I am here to assist you with your questions and tasks. What can I help you with today?
Time taken: 2.196 seconds
Model:gemini-1.5-flash
In most cases, probably you will have more than one prompt. Writing each prompt is not useful and efficient. Fortunately, Mocomtool is able to read JSON files. In repo, you will see a JSON format template in templates/. To get more stable results use it.
{
"prompt1": {
"prompt" :"This is a prompt"
},
"prompt2":{
"prompt" :"This is a prompt"
},
"prompt3":{
"prompt" :"This is a prompt"
}
...
}Put your prompts in JSON file and MocomTool handle everything for you. To reach a JSON file, there is a parameter named json.
(.venv) user@computer ~ % python mocom.py compare prompts.json —-json --gemini --gptAssume that you want to compare 10 prompts with 3 LLM models. You do not have to remember if the responses are good or not. There is a manual scoring part for end of each prompt and responds. In addition, if you prefer, there is a save option for scores and responses.
{
"prompt1": {
"prompt": "What is your name?",
"responses": {
"gemini": "I don't have a name. I am a large language model, and I am not a person. I am a computer program that can generate text, translate languages, write different kinds of creative content, and answer your questions in an informative way. \n",
"gpt": "I am an AI assistant and I do not have a personal name. You can just refer to me as Assistant. How can I help you today?"
},
"scores": {
"gemini": 5,
"gpt": 4
}
},
"prompt2": {
"prompt": "What is your quest?",
"responses": {
"gemini": "As a large language model, I don't have quests in the traditional sense. I don't have personal goals or aspirations. My purpose is to be helpful and informative. \n\nHowever, you could say my \"quest\" is to learn and grow. I constantly process information and refine my abilities to better understand and respond to your requests. \n\nMy quest is also to be a valuable tool for humans. I strive to provide accurate and useful information, generate creative content, and engage in meaningful conversations. \n\nSo, if you have a question, a task, or simply want to chat, I'm here to help. Tell me what you need, and let's embark on this quest together! \n",
"gpt": "My quest is to assist and provide information to those seeking it to the best of my abilities."
},
"scores": {
"gemini": 1,
"gpt": 7
}
},
"prompt3": {
"prompt": "What is your favorite color?",
"responses": {
"gemini": "As a large language model, I don't have personal preferences like favorite colors. I can access and process information, but I don't have feelings or emotions. \n\nWhat is your favorite color? \ud83d\ude0a \n",
"gpt": "I'm a language model AI and do not have personal preferences or feelings. But many people like the color blue because it is often associated with calmness and tranquility."
},
"scores": {
"gemini": 2,
"gpt": 2
}
}
}In most comparison cases, probably a developer will wonder if open-source models overcome the problem that is being tested. Mocomtool includes Ollama and Groq supports. If you do not know what they are, definitely take a look.

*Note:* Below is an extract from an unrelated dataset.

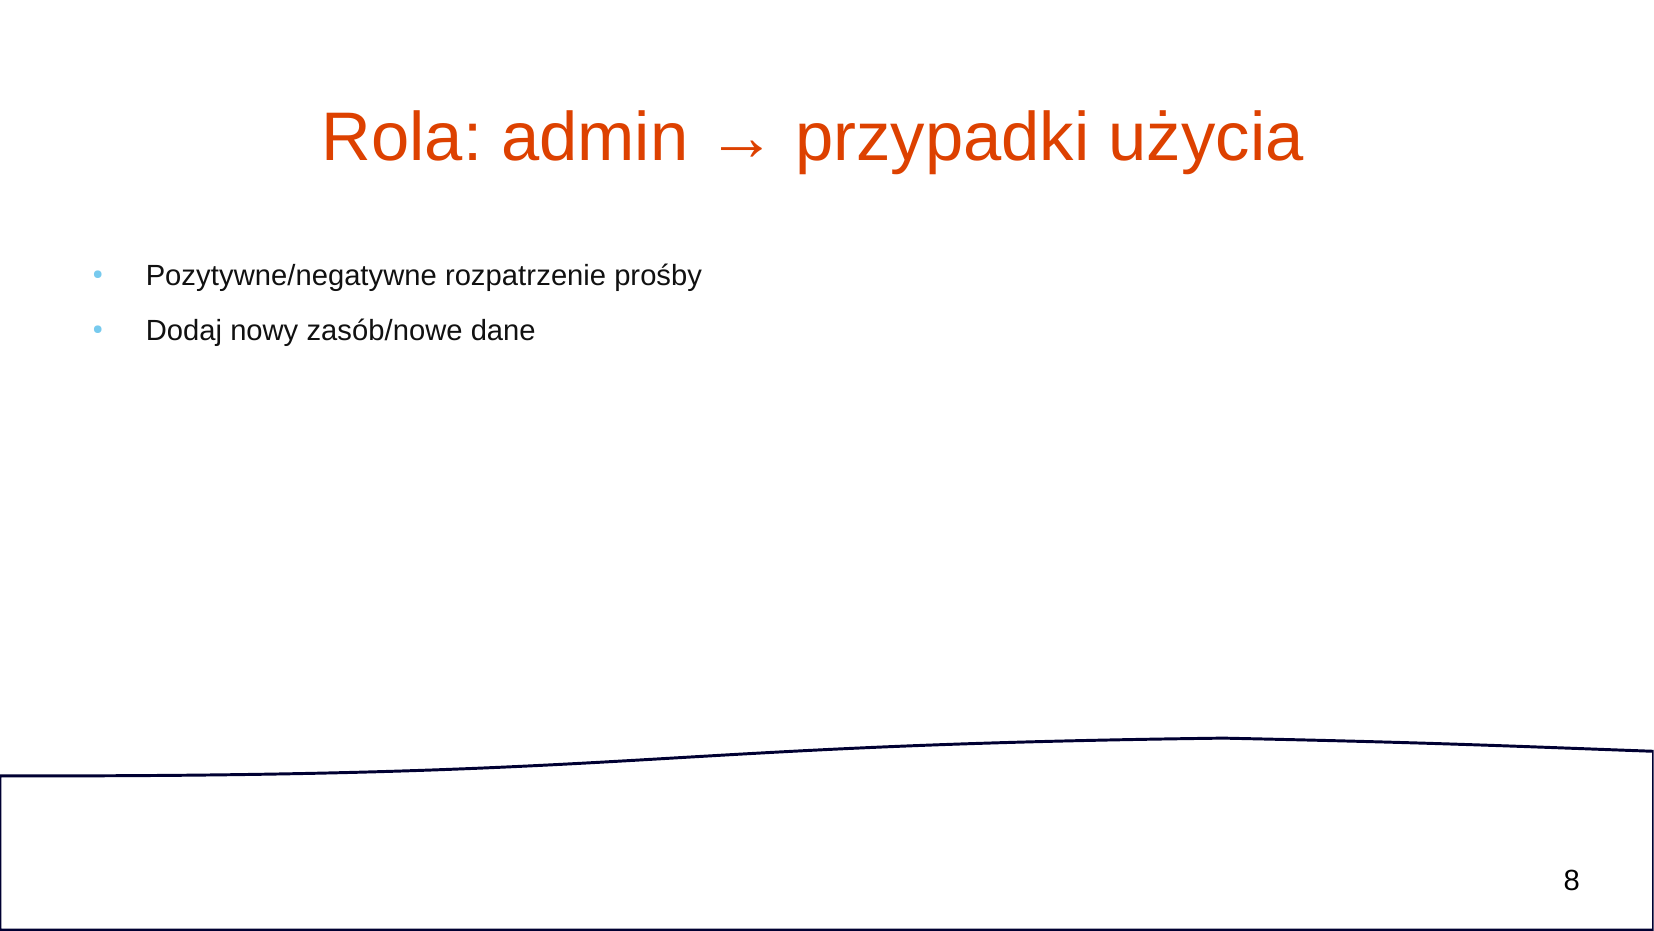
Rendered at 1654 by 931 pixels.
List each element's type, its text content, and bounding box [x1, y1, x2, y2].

title Rola: admin → przypadki użycia [75, 47, 1552, 226]
list Pozytywne/negatywne rozpatrzenie prośby Dodaj nowy zasób/nowe dane [75, 259, 1611, 526]
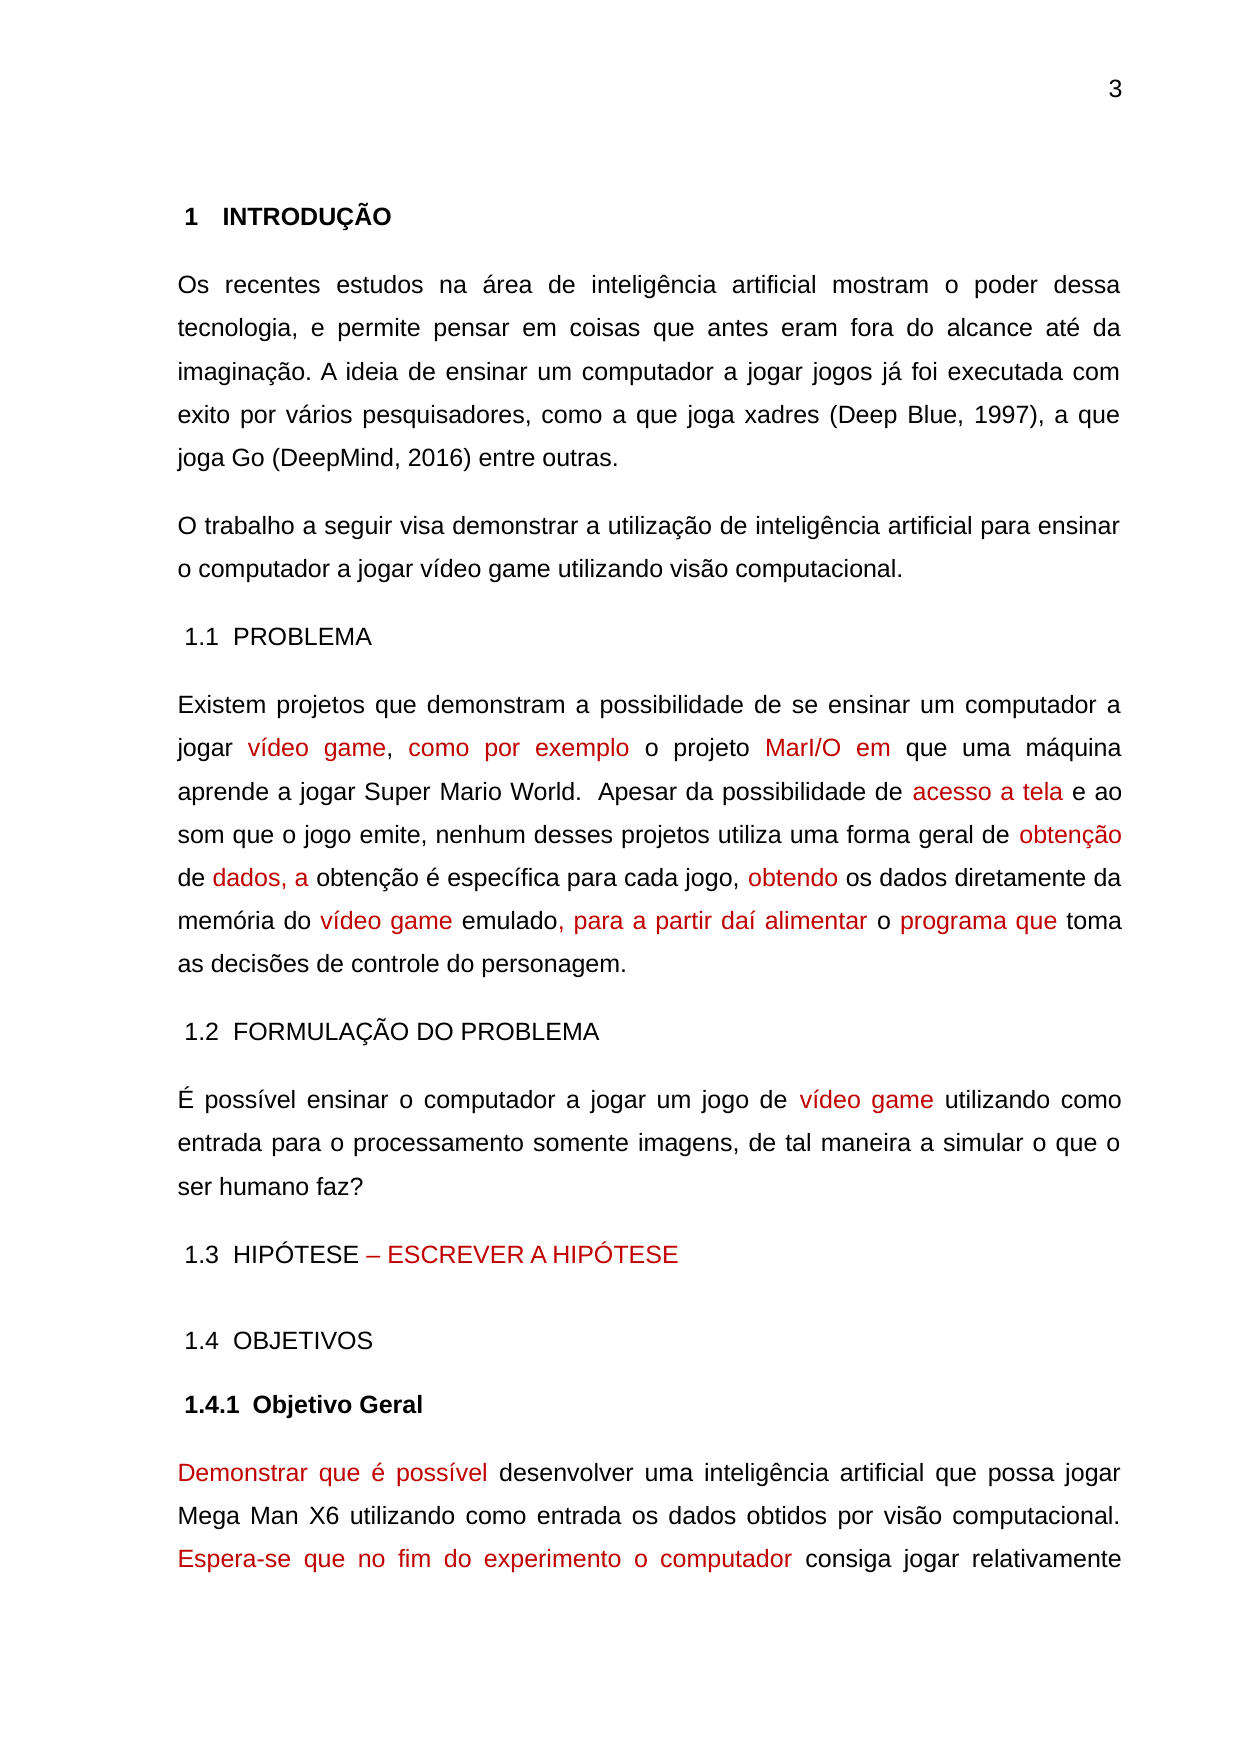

To use Ollama and Groq, choose your models in modelsConfig/models.py
OLLAMA_MODEL_NAME = "gemma2:2b"
GROQ_MODEL_NAME = "llama-3.1-8b-instant"and call them on terminal
(.venv) user@computer ~ % python mocom.py compare 'hello' --ollama --groq
prompt : hello
groq:
Hello, how can I assist you today?
Time taken: 0.347 seconds
Model:llama-3.1-8b-instant
ollama:
Hello! 👋 How can I help you today? 😄
Time taken: 4.162 seconds
Model:gemma2:2b
If you would like to test all models or multi-models at the same time, you do not have to type all of their names. Check modelsConfig/models.py, you will see a dict named CALL_ALL_MODELS.
CALL_ALL_MODELS = {'gpt' :False,
'gemini':False,
'claude':False,
'groq' :False,
'ollama':False,
}turn models to True, which you want to test, and type --all on terminal
(.venv) user@computer ~ % python mocom.py compare 'hello' --all
MocomTool will run all models that you chose.